THE DAY AFTER
I've had to do alot of soul searching in the past 24 hours. Granted, though I knew there could be no other outcome to this election, the one thing I had forgotten to factor-in was my own reaction to this tragedy. But as the reality of an Obama Presidency and it's consequences set in, I found myself getting more and more depressed. For those who don't follow politics or understand the dynamics of freedom and liberty, my reaction may seem irrational. In fact, South Park did a pretty funny episode about that tonight. But for the rest of you, I'm sure you can relate.
As I told an equally depressed co-worker today, if this had happened when I was younger I suspect that I would be far less fearfull today. I'm sure that after a few beers, I probably wouldn't have given a crap at all. But today, things are different. Now I'm a father and a husband. I have responsibilities. Now I have a family that depends on me to maintain a level head.
So as the daunting reality of our nation electing a socialist, anti-business, anti-defense President hits home, I realize that I have a decision to make. I can spiral into a depression that would render me useless as a father and a husband, or I can be a man about it. I've chosen the latter.

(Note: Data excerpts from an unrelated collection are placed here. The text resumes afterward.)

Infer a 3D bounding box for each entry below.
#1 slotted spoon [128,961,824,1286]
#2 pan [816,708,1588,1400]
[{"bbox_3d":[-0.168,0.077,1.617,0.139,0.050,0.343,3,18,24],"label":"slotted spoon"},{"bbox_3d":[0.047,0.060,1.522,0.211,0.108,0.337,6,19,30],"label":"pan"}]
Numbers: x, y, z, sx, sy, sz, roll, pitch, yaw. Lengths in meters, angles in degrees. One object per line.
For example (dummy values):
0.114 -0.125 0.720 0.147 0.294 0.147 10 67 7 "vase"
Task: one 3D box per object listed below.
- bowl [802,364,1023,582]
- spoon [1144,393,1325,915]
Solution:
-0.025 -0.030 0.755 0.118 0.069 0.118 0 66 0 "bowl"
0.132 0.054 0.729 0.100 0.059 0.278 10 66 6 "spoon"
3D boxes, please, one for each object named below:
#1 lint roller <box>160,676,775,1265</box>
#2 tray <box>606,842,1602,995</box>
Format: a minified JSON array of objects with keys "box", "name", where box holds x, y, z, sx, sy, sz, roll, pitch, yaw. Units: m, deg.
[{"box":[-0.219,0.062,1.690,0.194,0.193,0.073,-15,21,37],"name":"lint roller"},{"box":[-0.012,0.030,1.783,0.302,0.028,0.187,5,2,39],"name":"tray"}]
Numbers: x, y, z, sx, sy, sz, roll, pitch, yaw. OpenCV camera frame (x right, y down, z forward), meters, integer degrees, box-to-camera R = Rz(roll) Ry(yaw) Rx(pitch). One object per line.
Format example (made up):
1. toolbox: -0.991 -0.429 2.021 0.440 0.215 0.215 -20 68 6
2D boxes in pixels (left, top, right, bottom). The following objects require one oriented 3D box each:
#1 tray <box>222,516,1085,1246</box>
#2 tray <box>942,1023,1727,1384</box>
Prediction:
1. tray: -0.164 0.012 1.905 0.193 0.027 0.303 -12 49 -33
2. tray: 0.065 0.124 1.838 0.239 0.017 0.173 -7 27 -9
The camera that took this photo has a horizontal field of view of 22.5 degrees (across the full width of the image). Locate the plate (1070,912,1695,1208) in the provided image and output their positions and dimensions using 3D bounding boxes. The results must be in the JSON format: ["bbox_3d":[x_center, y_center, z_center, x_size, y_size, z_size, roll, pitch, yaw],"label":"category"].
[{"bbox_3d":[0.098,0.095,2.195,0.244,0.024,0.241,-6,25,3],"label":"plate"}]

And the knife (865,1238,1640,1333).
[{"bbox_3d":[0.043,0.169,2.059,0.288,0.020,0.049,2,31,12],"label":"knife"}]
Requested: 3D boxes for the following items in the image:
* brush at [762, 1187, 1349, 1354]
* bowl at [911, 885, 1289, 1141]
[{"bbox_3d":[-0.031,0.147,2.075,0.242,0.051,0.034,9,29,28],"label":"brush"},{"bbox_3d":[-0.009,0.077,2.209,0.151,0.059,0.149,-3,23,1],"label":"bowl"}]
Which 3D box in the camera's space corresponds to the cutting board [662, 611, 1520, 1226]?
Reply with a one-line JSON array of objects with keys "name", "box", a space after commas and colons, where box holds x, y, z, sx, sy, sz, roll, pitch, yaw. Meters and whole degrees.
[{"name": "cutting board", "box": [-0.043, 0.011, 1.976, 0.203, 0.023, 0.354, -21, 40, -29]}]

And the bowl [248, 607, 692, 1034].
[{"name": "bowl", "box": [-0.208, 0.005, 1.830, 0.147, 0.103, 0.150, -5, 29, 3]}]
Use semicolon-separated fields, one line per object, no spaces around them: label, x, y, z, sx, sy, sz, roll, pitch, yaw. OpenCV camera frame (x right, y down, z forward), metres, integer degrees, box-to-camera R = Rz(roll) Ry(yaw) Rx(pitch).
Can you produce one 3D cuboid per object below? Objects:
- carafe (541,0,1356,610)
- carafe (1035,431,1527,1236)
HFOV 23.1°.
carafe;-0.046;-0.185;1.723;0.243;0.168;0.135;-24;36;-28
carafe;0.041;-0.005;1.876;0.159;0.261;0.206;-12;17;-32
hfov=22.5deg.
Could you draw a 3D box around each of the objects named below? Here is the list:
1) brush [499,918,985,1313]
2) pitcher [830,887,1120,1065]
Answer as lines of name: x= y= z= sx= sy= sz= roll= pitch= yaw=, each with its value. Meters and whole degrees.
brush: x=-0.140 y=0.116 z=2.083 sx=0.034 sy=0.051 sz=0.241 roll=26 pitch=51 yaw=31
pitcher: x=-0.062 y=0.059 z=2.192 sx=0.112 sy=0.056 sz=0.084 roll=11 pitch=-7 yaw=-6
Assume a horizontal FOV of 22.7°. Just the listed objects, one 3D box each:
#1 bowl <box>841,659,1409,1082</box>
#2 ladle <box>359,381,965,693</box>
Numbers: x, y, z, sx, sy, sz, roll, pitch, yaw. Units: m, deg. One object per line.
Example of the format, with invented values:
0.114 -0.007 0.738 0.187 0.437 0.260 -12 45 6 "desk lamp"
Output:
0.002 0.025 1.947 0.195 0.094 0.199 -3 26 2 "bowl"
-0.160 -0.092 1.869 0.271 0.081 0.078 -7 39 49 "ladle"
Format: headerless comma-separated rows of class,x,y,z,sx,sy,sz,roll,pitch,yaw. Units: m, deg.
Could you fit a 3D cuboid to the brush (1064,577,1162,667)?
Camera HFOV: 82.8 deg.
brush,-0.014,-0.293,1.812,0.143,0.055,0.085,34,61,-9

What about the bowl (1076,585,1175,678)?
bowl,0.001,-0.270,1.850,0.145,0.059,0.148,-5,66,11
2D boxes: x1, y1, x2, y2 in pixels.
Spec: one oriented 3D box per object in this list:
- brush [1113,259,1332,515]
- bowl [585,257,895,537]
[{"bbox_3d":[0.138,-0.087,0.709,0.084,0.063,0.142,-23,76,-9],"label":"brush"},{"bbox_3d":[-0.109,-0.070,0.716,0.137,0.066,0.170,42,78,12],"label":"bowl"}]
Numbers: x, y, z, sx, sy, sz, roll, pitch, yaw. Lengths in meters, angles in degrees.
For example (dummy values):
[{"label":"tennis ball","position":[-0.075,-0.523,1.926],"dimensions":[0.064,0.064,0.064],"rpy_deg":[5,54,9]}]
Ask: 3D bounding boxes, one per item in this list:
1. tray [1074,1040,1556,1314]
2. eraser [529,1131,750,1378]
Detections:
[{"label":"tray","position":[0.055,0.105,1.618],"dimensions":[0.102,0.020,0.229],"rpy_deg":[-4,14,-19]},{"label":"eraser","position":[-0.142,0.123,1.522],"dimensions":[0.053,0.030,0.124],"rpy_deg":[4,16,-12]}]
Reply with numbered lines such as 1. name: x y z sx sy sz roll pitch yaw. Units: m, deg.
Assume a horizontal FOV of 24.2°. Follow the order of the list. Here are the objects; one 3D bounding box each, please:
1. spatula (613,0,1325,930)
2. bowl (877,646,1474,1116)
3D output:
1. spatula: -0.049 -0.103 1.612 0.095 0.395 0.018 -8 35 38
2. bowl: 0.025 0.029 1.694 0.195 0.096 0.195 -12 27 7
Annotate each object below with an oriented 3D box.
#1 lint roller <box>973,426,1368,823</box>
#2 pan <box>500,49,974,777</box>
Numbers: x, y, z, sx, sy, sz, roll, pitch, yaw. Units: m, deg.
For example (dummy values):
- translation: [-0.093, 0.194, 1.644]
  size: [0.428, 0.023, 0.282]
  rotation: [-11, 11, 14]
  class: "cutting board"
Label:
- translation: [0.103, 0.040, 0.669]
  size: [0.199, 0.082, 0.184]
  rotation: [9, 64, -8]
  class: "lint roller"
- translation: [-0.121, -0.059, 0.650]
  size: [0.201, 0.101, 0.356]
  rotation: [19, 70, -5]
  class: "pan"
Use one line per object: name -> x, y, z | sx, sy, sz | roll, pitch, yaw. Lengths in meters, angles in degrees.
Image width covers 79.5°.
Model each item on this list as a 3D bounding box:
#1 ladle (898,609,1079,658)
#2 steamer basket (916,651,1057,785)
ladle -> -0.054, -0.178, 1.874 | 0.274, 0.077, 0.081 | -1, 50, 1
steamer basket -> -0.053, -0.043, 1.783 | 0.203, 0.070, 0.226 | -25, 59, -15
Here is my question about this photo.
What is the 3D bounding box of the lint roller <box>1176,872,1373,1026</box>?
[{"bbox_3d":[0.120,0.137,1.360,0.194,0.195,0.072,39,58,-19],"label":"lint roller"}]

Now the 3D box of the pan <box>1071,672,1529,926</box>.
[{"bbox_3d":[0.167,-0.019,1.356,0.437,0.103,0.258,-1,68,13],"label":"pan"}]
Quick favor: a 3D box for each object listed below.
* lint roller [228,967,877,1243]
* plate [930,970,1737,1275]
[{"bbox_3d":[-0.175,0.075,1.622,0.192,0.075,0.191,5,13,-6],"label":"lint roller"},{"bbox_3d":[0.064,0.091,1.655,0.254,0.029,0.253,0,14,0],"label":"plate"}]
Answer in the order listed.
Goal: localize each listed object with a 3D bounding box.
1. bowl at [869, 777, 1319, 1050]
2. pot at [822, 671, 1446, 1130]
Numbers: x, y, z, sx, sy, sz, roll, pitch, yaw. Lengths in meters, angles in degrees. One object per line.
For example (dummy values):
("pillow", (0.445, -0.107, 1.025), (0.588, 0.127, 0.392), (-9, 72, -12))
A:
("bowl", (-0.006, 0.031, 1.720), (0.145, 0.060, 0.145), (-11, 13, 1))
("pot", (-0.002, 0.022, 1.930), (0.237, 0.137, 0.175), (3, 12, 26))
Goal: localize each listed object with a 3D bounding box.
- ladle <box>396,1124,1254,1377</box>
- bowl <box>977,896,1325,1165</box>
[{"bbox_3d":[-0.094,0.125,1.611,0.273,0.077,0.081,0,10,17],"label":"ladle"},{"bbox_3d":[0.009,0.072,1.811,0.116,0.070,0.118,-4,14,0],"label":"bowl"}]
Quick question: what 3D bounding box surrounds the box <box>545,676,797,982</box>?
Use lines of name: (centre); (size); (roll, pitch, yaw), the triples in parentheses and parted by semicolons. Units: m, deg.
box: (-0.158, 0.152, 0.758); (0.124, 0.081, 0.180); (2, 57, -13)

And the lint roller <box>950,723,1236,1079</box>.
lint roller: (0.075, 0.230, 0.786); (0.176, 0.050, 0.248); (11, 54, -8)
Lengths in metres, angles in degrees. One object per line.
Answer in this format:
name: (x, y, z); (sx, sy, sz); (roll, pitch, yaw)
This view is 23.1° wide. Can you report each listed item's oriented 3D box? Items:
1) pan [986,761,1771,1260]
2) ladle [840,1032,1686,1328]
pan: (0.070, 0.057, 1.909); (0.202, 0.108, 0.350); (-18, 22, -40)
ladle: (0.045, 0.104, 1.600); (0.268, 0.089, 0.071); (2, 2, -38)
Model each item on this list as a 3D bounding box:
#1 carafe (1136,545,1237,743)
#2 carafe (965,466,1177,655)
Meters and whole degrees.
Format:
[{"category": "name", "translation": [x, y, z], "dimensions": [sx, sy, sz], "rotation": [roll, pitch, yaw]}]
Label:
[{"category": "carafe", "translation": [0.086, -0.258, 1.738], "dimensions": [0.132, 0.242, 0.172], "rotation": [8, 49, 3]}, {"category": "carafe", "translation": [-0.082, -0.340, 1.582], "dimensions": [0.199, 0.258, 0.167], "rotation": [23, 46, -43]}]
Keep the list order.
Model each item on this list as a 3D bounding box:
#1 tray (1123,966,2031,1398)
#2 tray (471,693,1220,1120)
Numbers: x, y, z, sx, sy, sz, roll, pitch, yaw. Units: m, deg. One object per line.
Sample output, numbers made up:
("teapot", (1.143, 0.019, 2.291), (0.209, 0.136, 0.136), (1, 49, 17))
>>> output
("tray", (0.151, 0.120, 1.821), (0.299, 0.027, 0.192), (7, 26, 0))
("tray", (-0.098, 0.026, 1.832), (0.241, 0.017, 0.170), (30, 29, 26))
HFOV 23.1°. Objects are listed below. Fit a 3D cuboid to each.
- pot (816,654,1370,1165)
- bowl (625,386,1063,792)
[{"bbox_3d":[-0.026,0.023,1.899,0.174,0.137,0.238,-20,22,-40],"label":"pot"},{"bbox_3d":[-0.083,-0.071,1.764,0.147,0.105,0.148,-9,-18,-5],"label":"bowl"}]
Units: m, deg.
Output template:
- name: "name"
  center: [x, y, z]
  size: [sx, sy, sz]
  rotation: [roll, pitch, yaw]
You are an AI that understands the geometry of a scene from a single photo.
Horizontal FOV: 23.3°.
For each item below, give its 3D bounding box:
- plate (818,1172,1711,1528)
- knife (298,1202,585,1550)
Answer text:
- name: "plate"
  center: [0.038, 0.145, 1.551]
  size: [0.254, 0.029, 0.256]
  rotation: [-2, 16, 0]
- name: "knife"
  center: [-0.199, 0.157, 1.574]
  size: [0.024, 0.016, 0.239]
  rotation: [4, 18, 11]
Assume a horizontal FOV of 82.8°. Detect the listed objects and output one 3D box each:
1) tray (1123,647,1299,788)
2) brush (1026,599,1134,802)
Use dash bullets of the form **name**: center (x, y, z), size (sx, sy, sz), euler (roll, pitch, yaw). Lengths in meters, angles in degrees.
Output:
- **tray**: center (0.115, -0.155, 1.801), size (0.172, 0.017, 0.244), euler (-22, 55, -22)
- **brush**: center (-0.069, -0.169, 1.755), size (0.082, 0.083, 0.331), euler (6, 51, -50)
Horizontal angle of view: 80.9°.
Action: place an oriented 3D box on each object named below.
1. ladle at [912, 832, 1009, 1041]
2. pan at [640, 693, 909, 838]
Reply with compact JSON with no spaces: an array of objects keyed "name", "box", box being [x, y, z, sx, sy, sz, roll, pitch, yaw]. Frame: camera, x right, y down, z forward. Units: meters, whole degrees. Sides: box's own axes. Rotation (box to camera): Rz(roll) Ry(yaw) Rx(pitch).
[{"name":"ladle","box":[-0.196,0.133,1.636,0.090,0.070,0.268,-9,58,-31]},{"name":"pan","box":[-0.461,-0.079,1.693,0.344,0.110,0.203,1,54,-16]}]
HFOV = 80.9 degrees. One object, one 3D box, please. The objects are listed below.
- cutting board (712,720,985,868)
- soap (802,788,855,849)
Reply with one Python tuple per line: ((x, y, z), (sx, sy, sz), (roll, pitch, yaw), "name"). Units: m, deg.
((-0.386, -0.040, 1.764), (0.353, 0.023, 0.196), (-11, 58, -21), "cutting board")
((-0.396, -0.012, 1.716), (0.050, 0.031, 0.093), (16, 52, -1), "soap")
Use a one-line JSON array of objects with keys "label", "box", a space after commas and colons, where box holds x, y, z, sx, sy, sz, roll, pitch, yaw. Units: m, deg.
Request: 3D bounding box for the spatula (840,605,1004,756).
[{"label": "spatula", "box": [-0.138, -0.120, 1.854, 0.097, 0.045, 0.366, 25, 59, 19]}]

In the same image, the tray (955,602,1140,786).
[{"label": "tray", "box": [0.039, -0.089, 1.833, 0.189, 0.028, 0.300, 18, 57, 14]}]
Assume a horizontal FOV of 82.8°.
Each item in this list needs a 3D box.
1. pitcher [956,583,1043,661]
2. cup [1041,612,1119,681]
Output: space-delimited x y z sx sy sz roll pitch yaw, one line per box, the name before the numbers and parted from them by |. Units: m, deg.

Though the incremental destruction of America will bring much "change" for the worse, I know that in my heart and mind, other things will be as true as ever...regardless of who resides in the White House.
I know that babies will still have the basic human right to live. I know that raising taxes will still not create prosperity. I know that terrorism is still not a legitimate method of resolving grievances. I know that people still have the right to defend themselves against the criminal element. The fact that Barak Obama disagrees with each of those truths, will not change the fact that they are truths.
If ever there was a time that I wish I were wrong about someone, it is now. But if history and Obama's own words and deeds are any indication, I fear that I'm not.
Being a Christian man demands that I take a long hard look at myself from time to time. Today, I see that I need to let go of my anger and disappointment in my fellow citizens. I also need to find forgiveness. For now, all I can do is pray that God will grant President-elect Obama wisdom, and humility before he implements his destructive policies. I pray that those who voted for him will have the good sense to carefully watch his actions and hold him accountable before he can harm the nation. I pray that people (ALL people) learn the lessons of history. But most of all, I pray that I am wrong about President Barak Obama.